The minerals pie certainly also has room to grow with more public companies, Perry said. But IPO activity for oil and gas E&Ps, let alone minerals and royalties companies, has been quite muted since the pandemic.
Barnett Shale E&P BKV Corp. is another private producer aiming to IPO but still in wait for improvements in the natural gas market.
There’s been even less investor appetite for minerals IPOs, but that could change as additional E&P IPOs start to cross the finish line, Perry said.
But investors still want scale, so private minerals companies should aggregate and scale up before approaching the public markets to go public, he said.
“There are some sizable companies that are thinking about doing IPOs,” Perry said. “We’ve had inquiries here this year.”
Playing in the Permian isn’t cheap, however. To buy into zones of the Permian that have a high likelihood of being drilled, you’ll need to pay a premium.
The average value of Permian mineral and royalty interests—the price per net royalty acre a buyer is paying to acquire the interest—has climbed significantly over the last several years, according to an analysis by Detring Energy Advisors.
As a greater portion of the Permian gets developed and output increases, dollar-per-net royalty acre ($/NRA) values will continue to climb due to an increasing share of flowing production value.
“As these basins become more and more developed with PDP and near-term activity, you’re just getting a lot more next-twelve-months cash flow out of those royalty acres,” said President Derek Detring.

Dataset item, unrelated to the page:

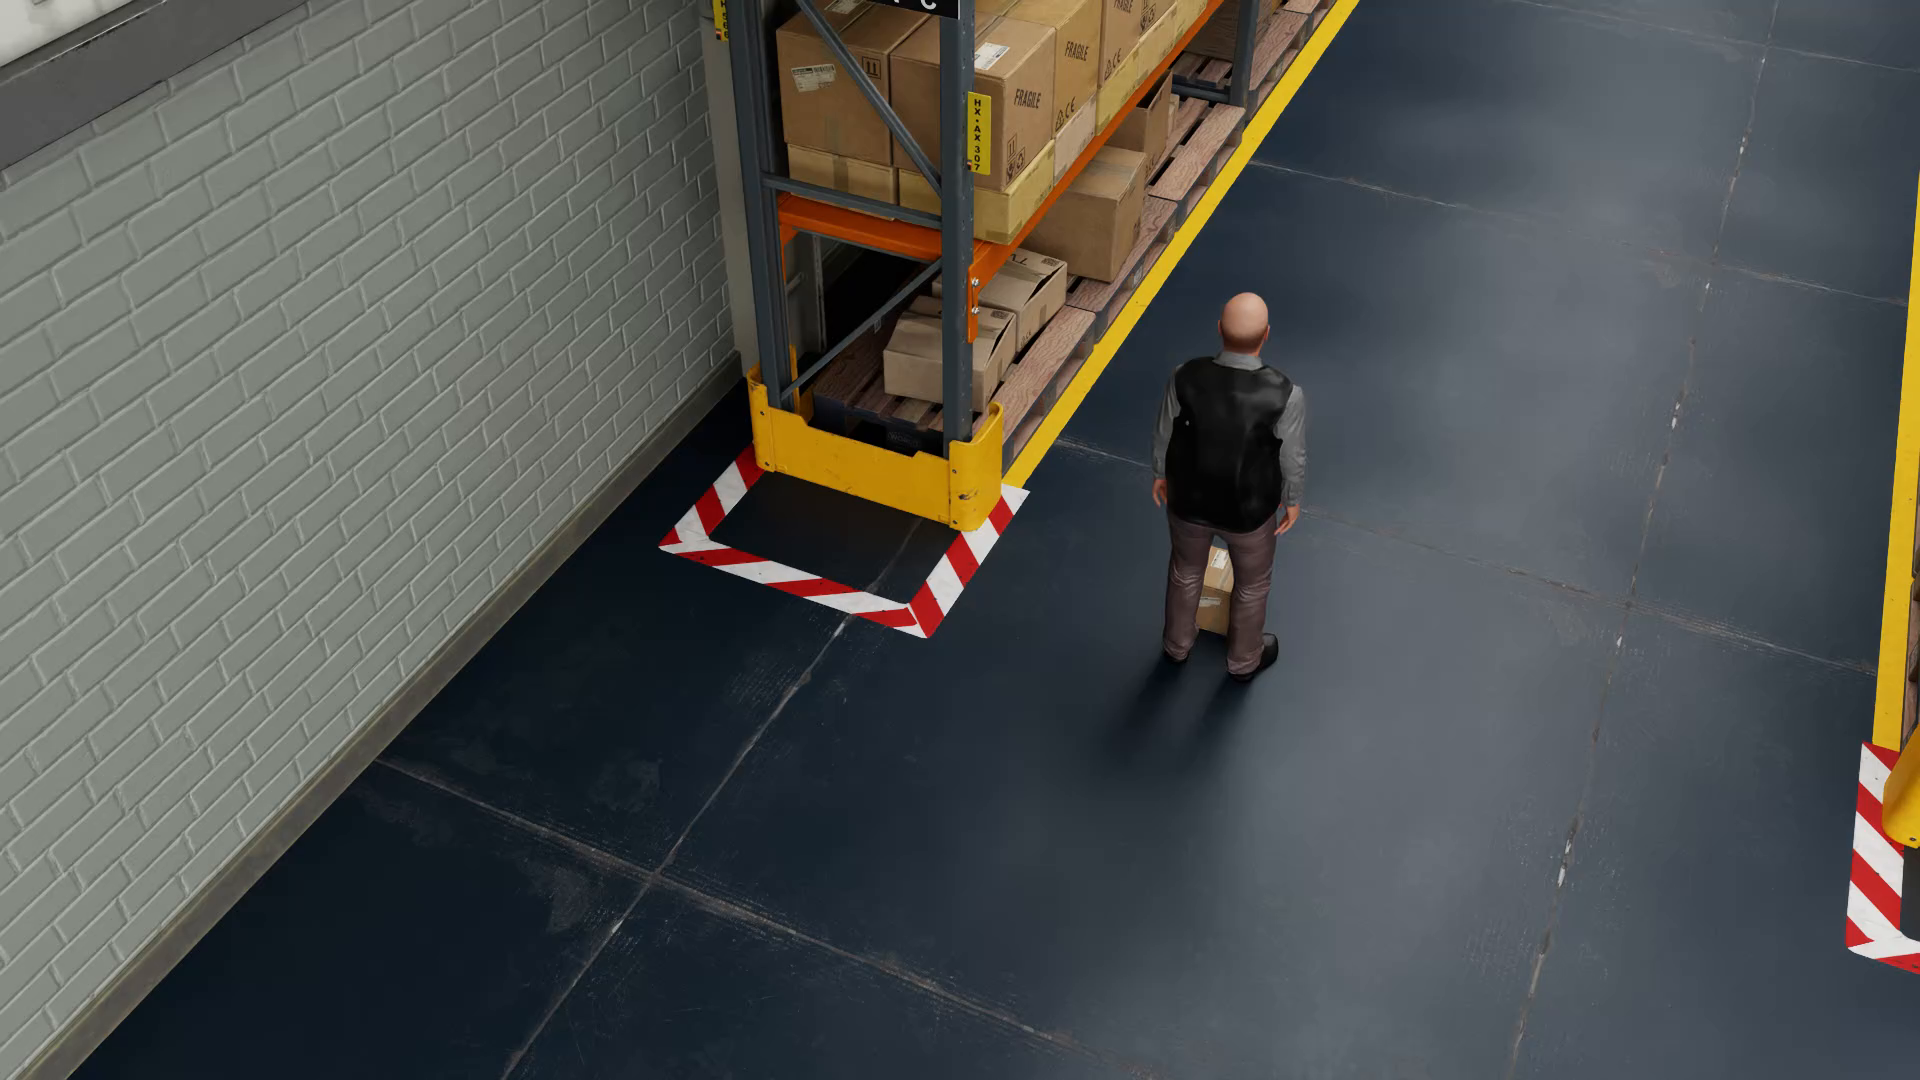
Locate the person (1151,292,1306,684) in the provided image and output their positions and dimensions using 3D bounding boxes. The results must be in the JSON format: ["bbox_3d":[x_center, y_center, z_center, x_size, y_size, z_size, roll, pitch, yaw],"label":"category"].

Deals in the core of the Permian fetch much higher prices than deals on the fringes of the play. Consider two of Kimbell’s Permian acquisitions last year.
Its $143 million deal with Sabalo included 806 net royalty acres (6,445 NRA normalized to a standard 1/8th royalty rate) in Howard and Borden counties, Texas, in the northern Midland Basin.
Hatch’s assets included 889 net royalty acres (7,100 normalized to 1/8th), mostly concentrated in the Texas Delaware Basin. The deal included acreage in the core-of-the-core of the play: Loving County, Texas, and Lea and Eddy counties, New Mexico.
KRP paid over $40,000 per NRA for the Hatch Royalty acquisition.
Detring claims to have advised on the two highest $/NRA minerals transactions in the Lower 48: Both deals were in the Permian and traded at over $55,000 per NRA.